The majority of Christians I’ve met over the years have said they’d rather not risk the chance of hell existing, even if it possibly doesn’t exist. They worry about the damnnation of their soul and because of it, they tend to live out their lives in total fear of committing some cardinal sin that may send their soul to that fire and brimstone type of place once they die.  And boy, do I know what it feels like to live in that type of fear, oh, so, very, well.

Because of modern day interpretations of the Bible stating homosexuality is a sin (even though the word homosexuality didn’t even exist back in Biblical times), I’ve frequently been told in my life by Christians that I’m either absolutely going to Hell or am risking the possibility of going there once I die because I’m in a gay relationship. Telling me this has never done anything more than leave me in this terrible fear-based cycle of a punishing God who cruelly created me with only an attraction to the same-sex that I’m not even allowed to be with, instead to spend my life in total celibacy, loneliness, or fake heterosexuality.

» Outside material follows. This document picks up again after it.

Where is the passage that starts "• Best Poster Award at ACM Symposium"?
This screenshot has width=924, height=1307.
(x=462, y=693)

None of that logic has ever worked for me and I truly mean none of it. It’s never felt right within my own soul. The idea that God made me in his own image, but somehow screwed up in my sexuality, and then is going to send me to some fire and brimstone type of place if I continue to engage in the sexuality he created me with, with a same-sex person I absolutely love just makes no sense.

That’s why I have more of an inclination to believe in what Marq de Villers states in his book, “Hell and Damnation”. In it, he says, “Hell is a state of mind, a radical separation from God.” That computes a lot more with me because living with chronic pain, or formerly in far too many addictions, or all the times I’ve suffered from severe anxiety or depression, feels exactly like being radically separated from God. When you live with a condition that makes your muscles feel like they are burning and on fire for days on end, for years and years, you too might feel that Hell is nothing more than the state of your own pain-based mind.

So, do I believe hell exists? While I may be stoned metaphorically for saying this, what if Hell is right here on Earth, based upon our mindsets? And what if all of us are actually accepted home with God after we die, NO MATTER WHAT TYPE OF SINS WE LIVED IN?

This concept of living out a fear-based existence due to the conception that all chronic sinners go to a fire and brimstone type of place once they die, especially when my sexuality will probably always be thought of as a sin to many Christians, is not indicative of the unconditionally loving God I’ve come to love and worship. Choosing to believe that God picks and chooses who comes home is creation of Hell itself, which is why I choose to believe otherwise, that God loves me just as I am, gay and all.

Dear God, help me to always look to You as an unconditionally loving and accepting Father, who created me just as I am, who will welcome me home in your arms when I die, no matter what.